A GPU is a programmable processor. That means it has a lot of flexibility to solve a lot of different kinds of computational tasks. Kind of like making a similar qualitative statement about a CPU.
It’s evident that GPUs are well suited to either neural network training or inference. Simply survey the state of the art in either of these disciplines.
Considering just a single GPU work, the biggest single factor for capability is probably memory size. The size of your neural network (the number of weights and biases, i.e. “parameters”) as well as the size of your data batches, when compared to your GPU memory size, allowing for overhead, will be the most proximal indicator what your GPU is “capable” of. Indeed, you can find many posts of people who are out of memory on their GPU when trying to run various NN codes. A common piece of advice is to either reduce batch size, or get a GPU with more memory. Very large models such as large language models with hundreds of billions of parameters may not fit on a single GPU, and may require specialized methods to distribute work across multiple GPUs.
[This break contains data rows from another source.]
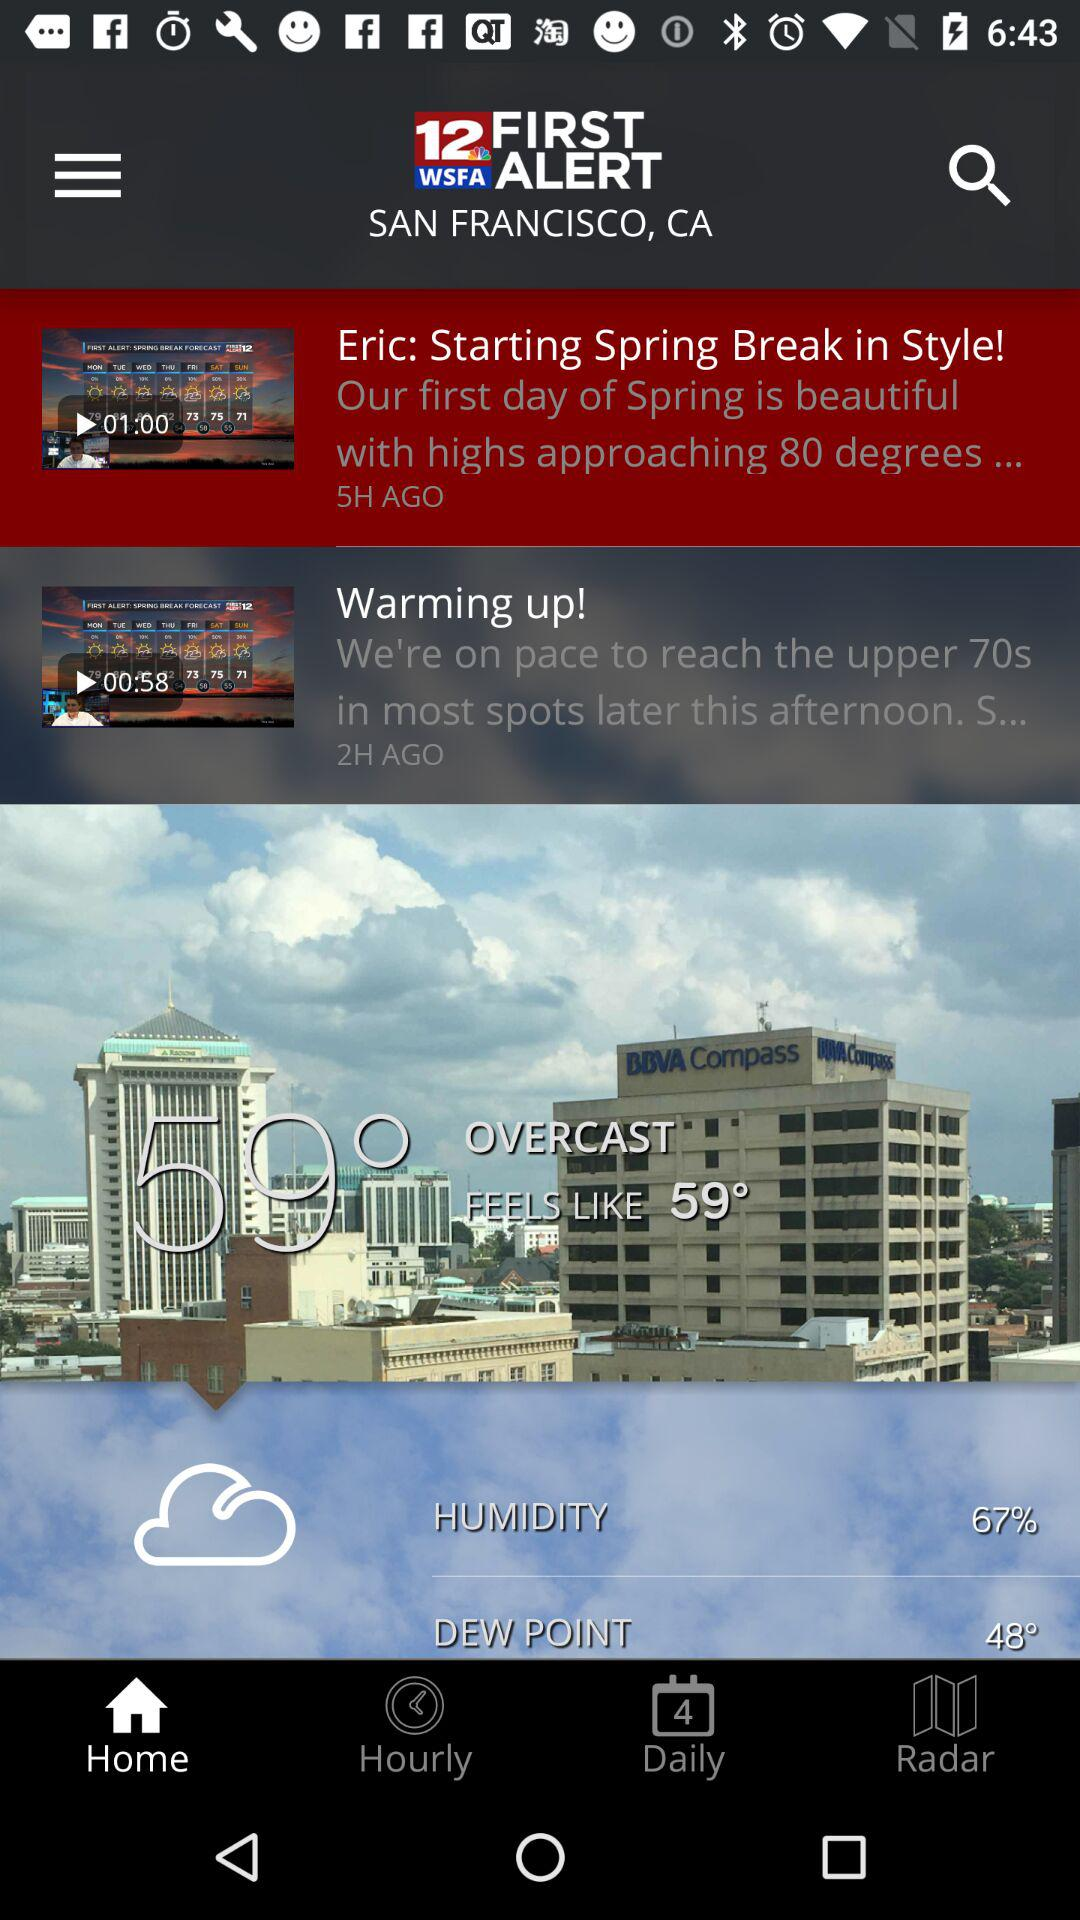How many hours ago was the first item posted?
Answer the question using a single word or phrase. 5 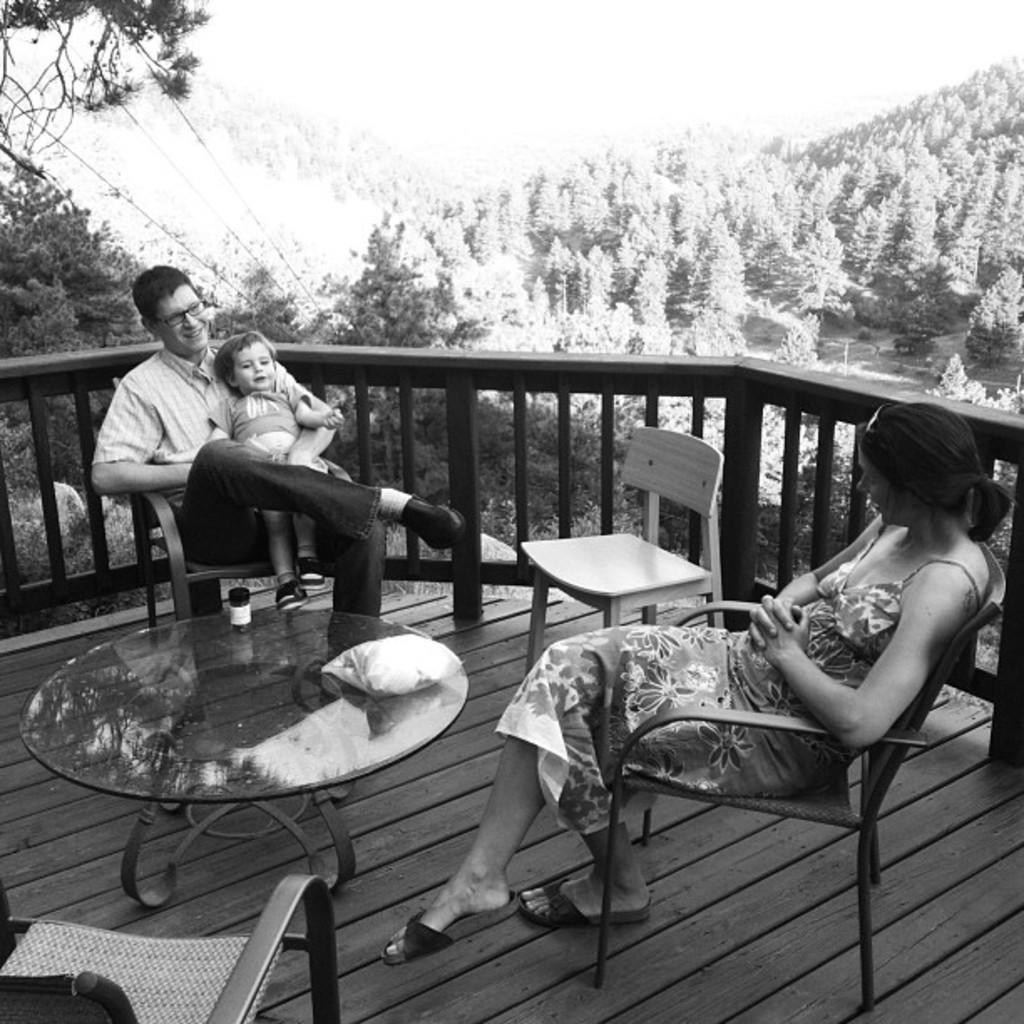In one or two sentences, can you explain what this image depicts? here we can see a man sitting on the chair, and on his lap a baby is sitting, and in front there is the table and some objects on it, and to opposite him a woman is sitting on the chair ,and at side there are trees, and here is the wires. 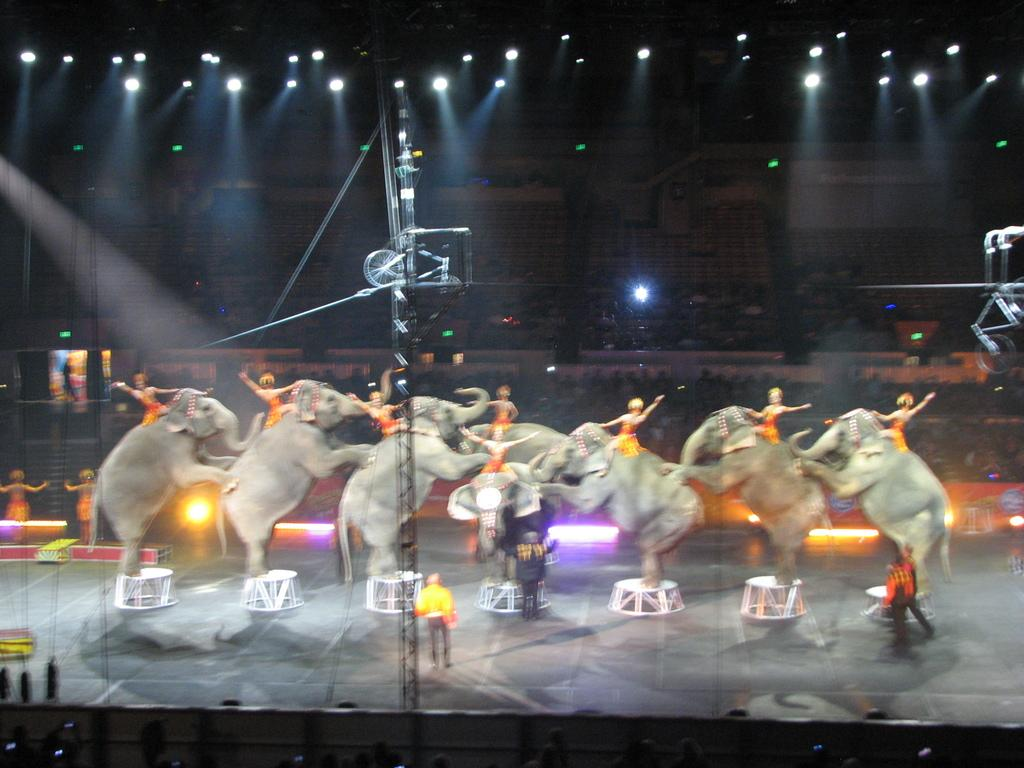What animals are present in the image? There are elephants in the image. What are the people in the image doing with the elephants? People are sitting on the elephants. Who is observing the scene in the image? There is an audience in the image. What can be seen in the image that provides illumination? There is light in the image. What objects can be seen in the image that are used for support or guidance? There is a rope and a stool in the image. What type of zipper can be seen on the elephant's back in the image? There is no zipper present on the elephant's back in the image. 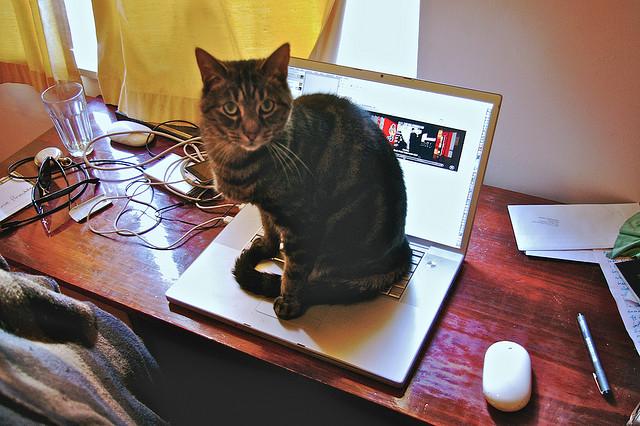Is the cat looking at the camera?
Answer briefly. Yes. What is the brand is the computer mouse?
Answer briefly. Apple. Is the mouse wireless?
Be succinct. Yes. Would the cat want to eat the mouse pictured?
Concise answer only. No. Is this cat looking at the computer mouse?
Write a very short answer. No. 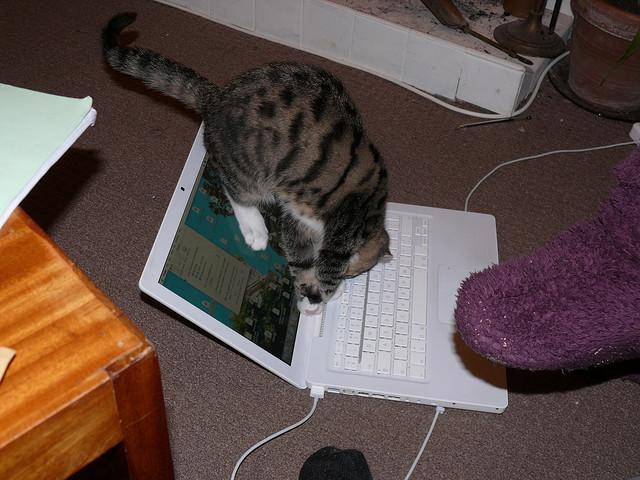How many shoes are there?
Give a very brief answer. 1. Is the cat using the laptop?
Concise answer only. No. Is the laptop turned on?
Be succinct. Yes. Is this animal heavy enough to damage the laptop?
Quick response, please. No. What color is the rug?
Answer briefly. Brown. Is the cat sleeping?
Concise answer only. Yes. Is the cat agitated?
Give a very brief answer. Yes. Can the owner of this laptop currently use it?
Be succinct. No. Is the cat looking at the camera?
Concise answer only. No. Does the owner of this cat enjoy Manga?
Answer briefly. No. 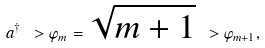Convert formula to latex. <formula><loc_0><loc_0><loc_500><loc_500>a ^ { \dagger } \ > \varphi _ { m } = \sqrt { m + 1 } \ > \varphi _ { m + 1 } ,</formula> 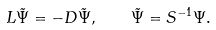Convert formula to latex. <formula><loc_0><loc_0><loc_500><loc_500>L \tilde { \Psi } = - D \tilde { \Psi } , \quad \tilde { \Psi } = S ^ { - 1 } \Psi .</formula>

I won’t be able to give you detailed recipes, calculations, spreadsheets, or calculators, to go from abstract discussion of model parameters and data batch sizes, to GPU memory consumption. The current methodology here is strongly biased towards trial and error. But nevertheless some crude statements can be made, such as the one above about models with many billions or trillions of parameters. Likewise, if your smallest dataset batch size is 8GB, it’s unlikely to be workable on a 4GB GPU.
Performance is a separate issue. More powerful GPUs will generally be more performant.
Mainstream neural network calculations are dominated by the matrix-matrix multiply operation. NVIDIA developed the tensor core (TC units) in large part to assist with this. When doing neural network calculations, on a NVIDIA GPU, use of tensorcores should be considered the “fast path”. You can find detailed tensor core calculations here. However, this should be considered a rough guide as to what to expect, performance-wise. If your code is making use of tensorcores (i.e. it is doing the layer-wise matrix-matrix multiply operations using a suitable type like FP16), then a GPU with more tensorcore throughput will likely run that code faster.
Regarding TOPs vs. TFLOPs, when a TC unit is computing using floating-point arithmetic, the throughput is generally indicated in TFLOPs/s. When a TC unit is computing using integer arithmetic, the throughput is generally indicated in TOPs.